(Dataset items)
"""
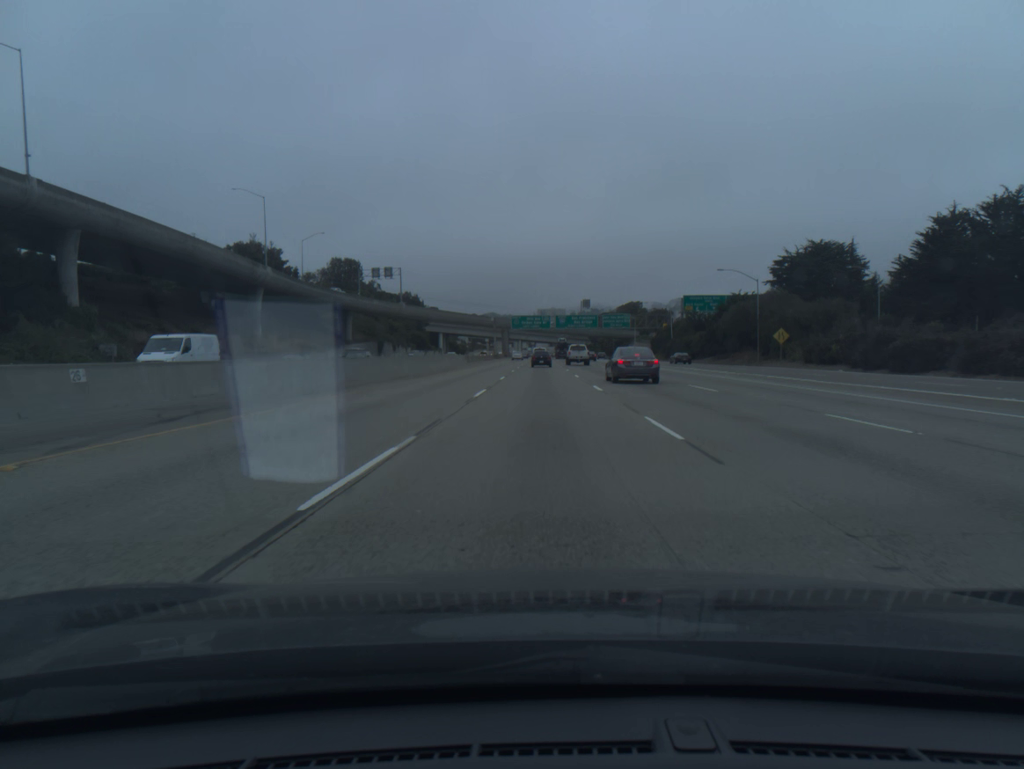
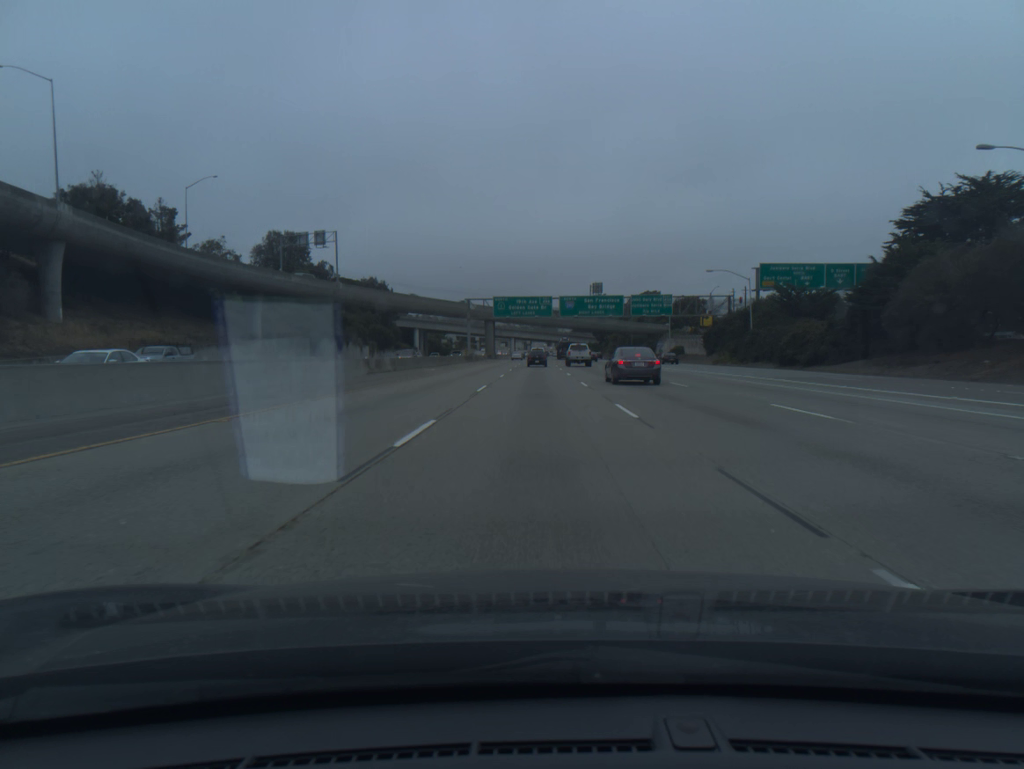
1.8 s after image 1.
(+0.2, +52.9) m; 0°
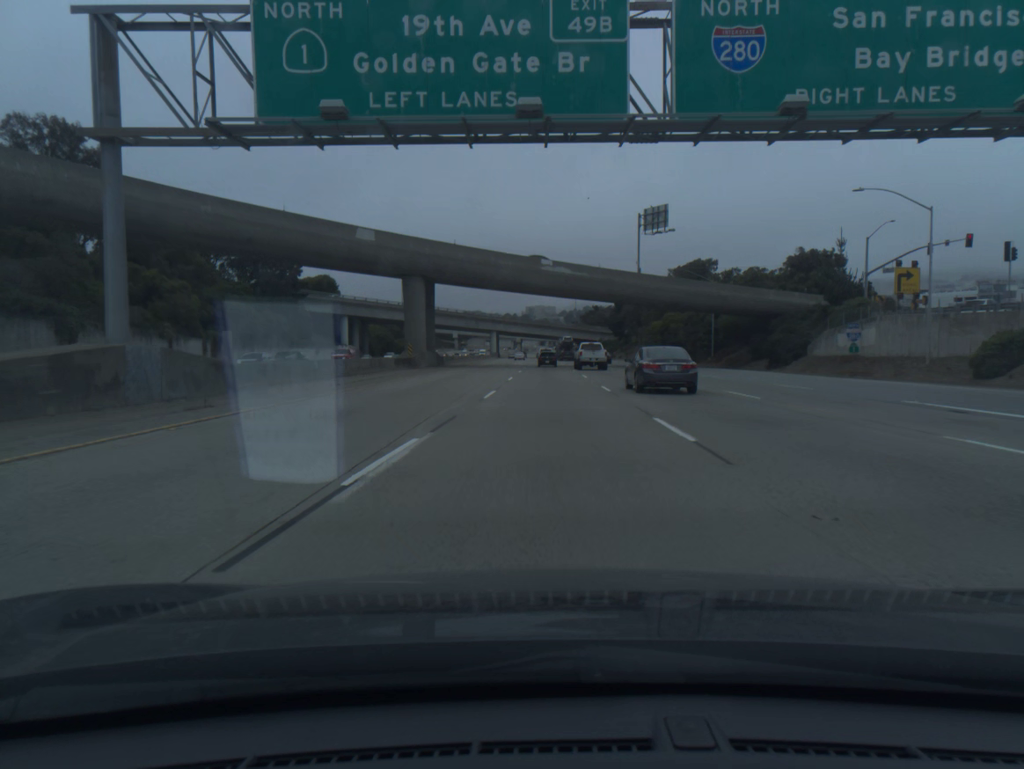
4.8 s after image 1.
(-0.2, +89.2) m; +1°
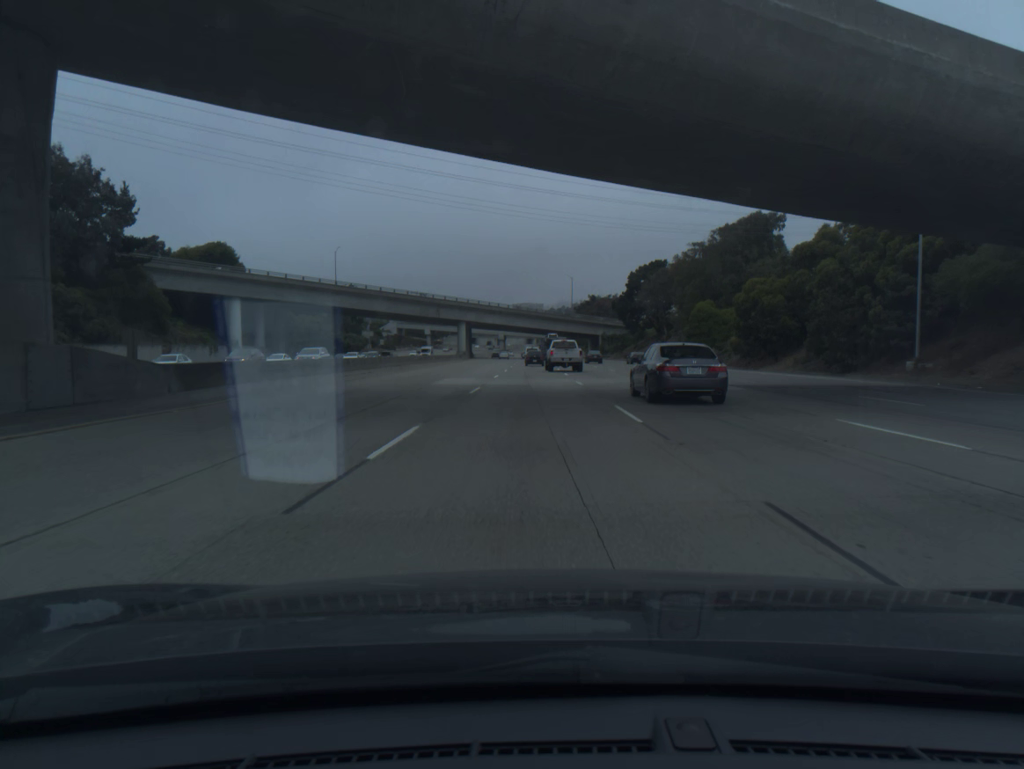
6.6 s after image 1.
(+0.8, +54.5) m; +1°
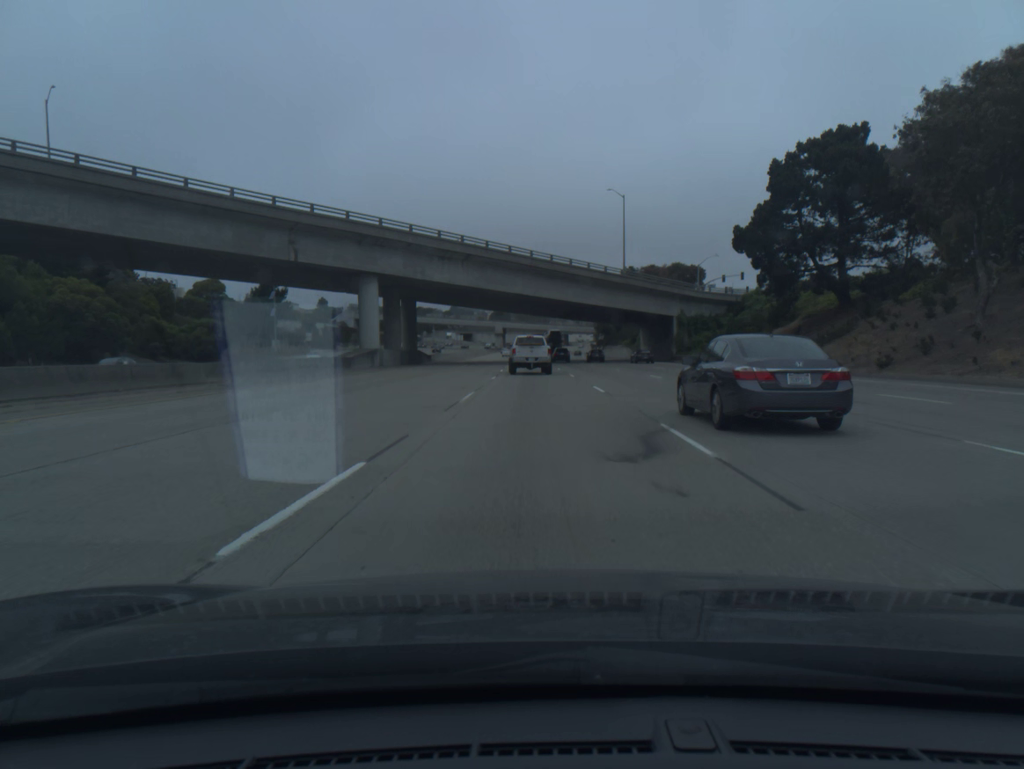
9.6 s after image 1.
(-0.7, +90.0) m; -1°
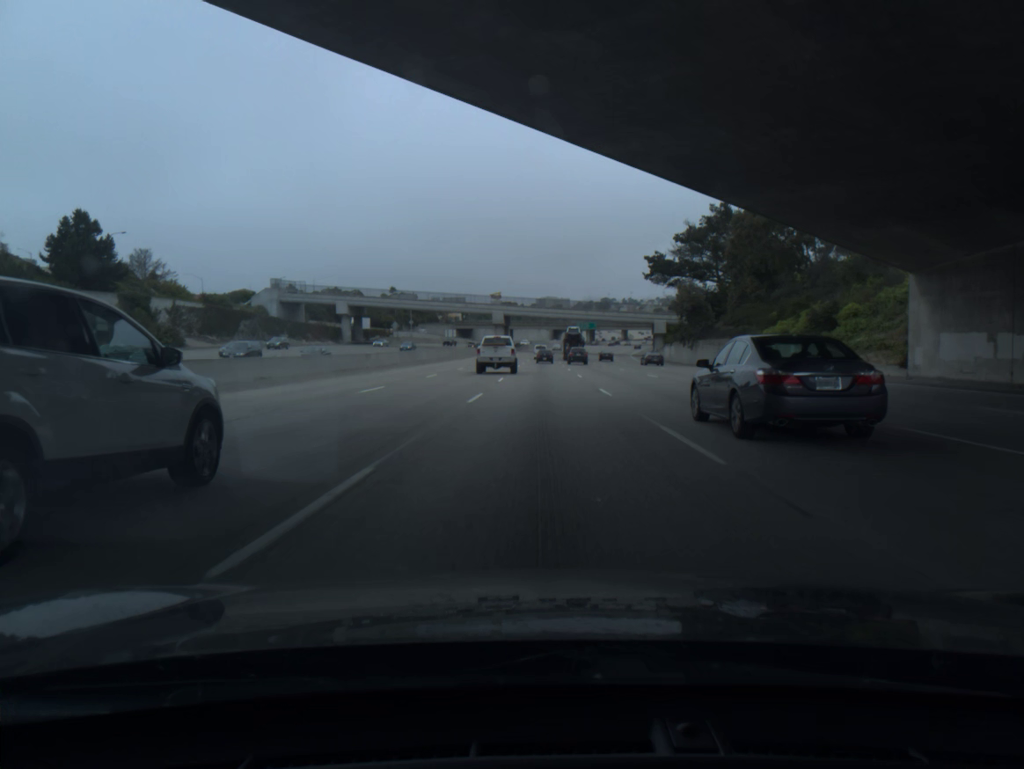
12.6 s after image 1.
(-1.2, +85.4) m; -1°
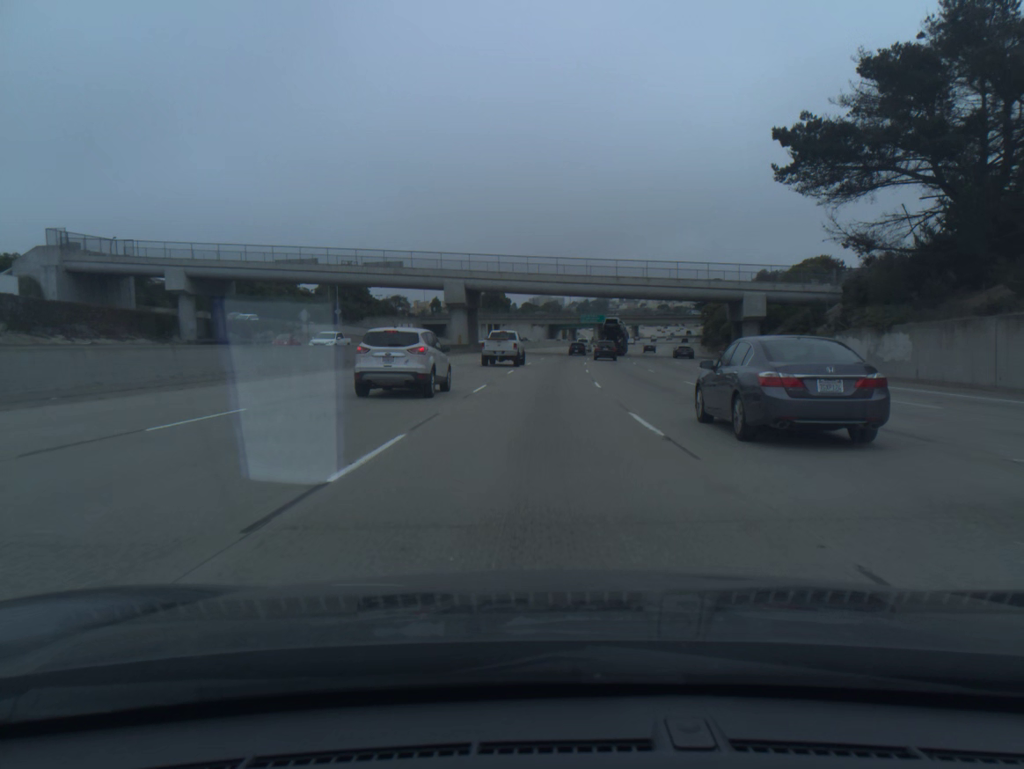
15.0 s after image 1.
(+0.3, +68.0) m; 0°
"""
- _Prompt_: Please return only the lines from the one holding "6.6 s after image 1." through the end of the data, both ends included; do not copy any pictures.

- _Written response_:
6.6 s after image 1.
(+0.8, +54.5) m; +1°
9.6 s after image 1.
(-0.7, +90.0) m; -1°
12.6 s after image 1.
(-1.2, +85.4) m; -1°
15.0 s after image 1.
(+0.3, +68.0) m; 0°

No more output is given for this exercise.